#### INPUT DATA ####
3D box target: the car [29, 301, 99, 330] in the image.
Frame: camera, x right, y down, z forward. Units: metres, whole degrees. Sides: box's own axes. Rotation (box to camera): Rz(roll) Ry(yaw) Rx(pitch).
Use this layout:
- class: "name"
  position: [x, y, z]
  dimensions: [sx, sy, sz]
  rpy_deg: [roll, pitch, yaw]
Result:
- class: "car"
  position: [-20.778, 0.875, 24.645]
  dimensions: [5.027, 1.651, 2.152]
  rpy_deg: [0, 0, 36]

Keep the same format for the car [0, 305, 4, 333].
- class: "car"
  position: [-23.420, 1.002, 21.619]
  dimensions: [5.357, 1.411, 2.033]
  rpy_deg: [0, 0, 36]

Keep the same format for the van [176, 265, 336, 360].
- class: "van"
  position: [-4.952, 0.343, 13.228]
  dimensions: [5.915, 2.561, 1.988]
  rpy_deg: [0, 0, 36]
####
#### INPUT DATA ####
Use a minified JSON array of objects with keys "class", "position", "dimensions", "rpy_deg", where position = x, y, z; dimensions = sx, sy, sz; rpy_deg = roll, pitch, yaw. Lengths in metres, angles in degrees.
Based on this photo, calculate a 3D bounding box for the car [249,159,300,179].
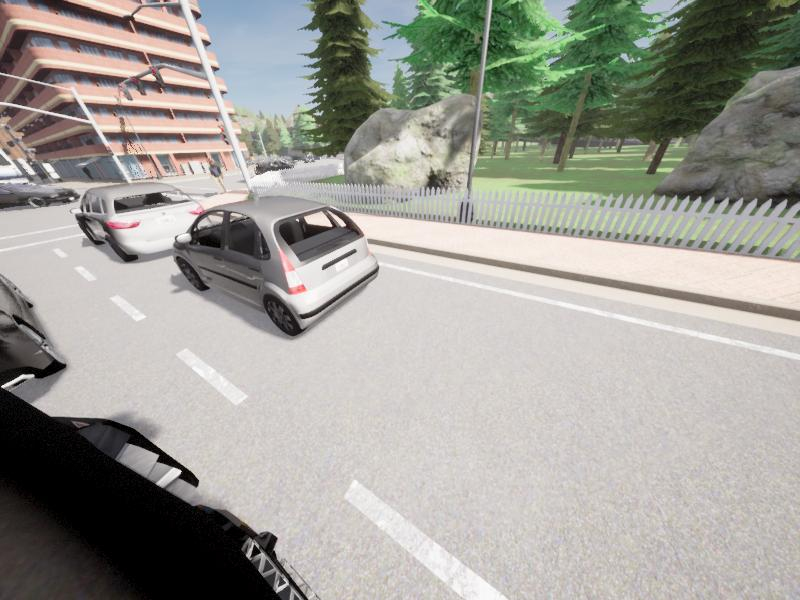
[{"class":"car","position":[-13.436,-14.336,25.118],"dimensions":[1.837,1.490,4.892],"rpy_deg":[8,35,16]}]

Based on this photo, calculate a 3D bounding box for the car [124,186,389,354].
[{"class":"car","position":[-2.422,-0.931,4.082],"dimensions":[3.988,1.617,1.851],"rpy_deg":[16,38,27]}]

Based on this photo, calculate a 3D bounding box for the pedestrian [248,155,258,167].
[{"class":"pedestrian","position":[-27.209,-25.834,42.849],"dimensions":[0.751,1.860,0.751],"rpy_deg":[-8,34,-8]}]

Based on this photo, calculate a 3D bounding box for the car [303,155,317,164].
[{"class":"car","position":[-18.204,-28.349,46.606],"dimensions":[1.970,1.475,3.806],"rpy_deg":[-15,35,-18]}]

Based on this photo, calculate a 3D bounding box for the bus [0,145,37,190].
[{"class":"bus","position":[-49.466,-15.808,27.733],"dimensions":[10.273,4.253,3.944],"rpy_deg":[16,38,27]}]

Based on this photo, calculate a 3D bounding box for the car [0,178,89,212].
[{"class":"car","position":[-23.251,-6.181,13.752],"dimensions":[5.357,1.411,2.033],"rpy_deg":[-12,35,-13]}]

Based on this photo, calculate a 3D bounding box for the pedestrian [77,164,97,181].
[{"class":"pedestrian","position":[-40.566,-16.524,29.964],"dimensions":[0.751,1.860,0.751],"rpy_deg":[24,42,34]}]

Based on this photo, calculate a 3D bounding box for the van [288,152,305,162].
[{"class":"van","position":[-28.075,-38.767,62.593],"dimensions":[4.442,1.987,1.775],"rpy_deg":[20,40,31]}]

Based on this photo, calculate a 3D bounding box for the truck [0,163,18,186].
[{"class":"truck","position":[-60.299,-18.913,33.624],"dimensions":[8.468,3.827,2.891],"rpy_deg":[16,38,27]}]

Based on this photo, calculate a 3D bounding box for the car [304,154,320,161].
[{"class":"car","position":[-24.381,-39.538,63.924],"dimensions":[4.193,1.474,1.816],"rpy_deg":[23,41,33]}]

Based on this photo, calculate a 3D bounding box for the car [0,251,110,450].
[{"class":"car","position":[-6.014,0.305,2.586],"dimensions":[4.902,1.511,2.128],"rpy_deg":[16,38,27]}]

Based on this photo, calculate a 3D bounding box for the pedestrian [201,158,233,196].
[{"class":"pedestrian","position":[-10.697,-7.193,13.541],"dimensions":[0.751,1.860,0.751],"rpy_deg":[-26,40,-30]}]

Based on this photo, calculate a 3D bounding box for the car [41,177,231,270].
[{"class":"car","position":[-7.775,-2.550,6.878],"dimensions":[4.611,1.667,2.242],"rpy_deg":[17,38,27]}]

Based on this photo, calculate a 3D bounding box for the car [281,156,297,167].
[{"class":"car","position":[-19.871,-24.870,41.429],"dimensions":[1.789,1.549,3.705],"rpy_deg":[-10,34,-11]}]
####
#### INPUT DATA ####
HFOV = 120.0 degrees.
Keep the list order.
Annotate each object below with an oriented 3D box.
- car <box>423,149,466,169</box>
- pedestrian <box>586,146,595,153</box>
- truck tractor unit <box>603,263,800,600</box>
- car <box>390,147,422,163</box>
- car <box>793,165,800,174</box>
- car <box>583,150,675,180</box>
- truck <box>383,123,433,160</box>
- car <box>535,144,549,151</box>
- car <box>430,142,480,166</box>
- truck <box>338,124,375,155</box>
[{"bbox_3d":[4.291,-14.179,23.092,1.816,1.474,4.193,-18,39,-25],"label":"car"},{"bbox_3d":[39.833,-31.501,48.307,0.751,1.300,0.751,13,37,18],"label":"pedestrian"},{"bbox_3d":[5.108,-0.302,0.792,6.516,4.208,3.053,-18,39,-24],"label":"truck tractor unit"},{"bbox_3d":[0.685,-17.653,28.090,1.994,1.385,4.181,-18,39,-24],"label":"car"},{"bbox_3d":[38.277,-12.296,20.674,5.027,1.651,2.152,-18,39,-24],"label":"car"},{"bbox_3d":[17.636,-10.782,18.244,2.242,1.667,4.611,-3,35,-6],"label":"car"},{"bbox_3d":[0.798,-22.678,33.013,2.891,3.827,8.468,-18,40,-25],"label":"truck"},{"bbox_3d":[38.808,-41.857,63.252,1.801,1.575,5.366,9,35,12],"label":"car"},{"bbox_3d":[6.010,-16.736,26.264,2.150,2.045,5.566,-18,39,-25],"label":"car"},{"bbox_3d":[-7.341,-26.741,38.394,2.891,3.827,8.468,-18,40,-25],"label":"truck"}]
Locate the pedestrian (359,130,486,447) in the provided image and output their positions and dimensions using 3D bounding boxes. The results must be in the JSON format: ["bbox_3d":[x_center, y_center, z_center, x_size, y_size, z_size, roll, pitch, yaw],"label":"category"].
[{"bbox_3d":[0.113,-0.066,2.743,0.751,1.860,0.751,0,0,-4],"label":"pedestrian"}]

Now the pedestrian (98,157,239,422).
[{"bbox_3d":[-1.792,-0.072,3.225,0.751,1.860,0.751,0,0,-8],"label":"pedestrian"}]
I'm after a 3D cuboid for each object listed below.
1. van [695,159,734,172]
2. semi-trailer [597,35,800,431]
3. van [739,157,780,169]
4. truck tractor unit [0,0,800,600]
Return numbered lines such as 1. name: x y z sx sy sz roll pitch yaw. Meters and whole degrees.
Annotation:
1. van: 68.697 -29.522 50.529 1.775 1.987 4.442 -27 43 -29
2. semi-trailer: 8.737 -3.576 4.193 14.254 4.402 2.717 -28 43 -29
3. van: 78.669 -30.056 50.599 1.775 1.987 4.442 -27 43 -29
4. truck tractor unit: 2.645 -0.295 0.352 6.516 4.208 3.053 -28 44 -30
####
=== EXERCISE DESCRIPTION ===
Find how many lines in the entries above use the word "each". Write the number alone.

=== ANSWER BOX ===
2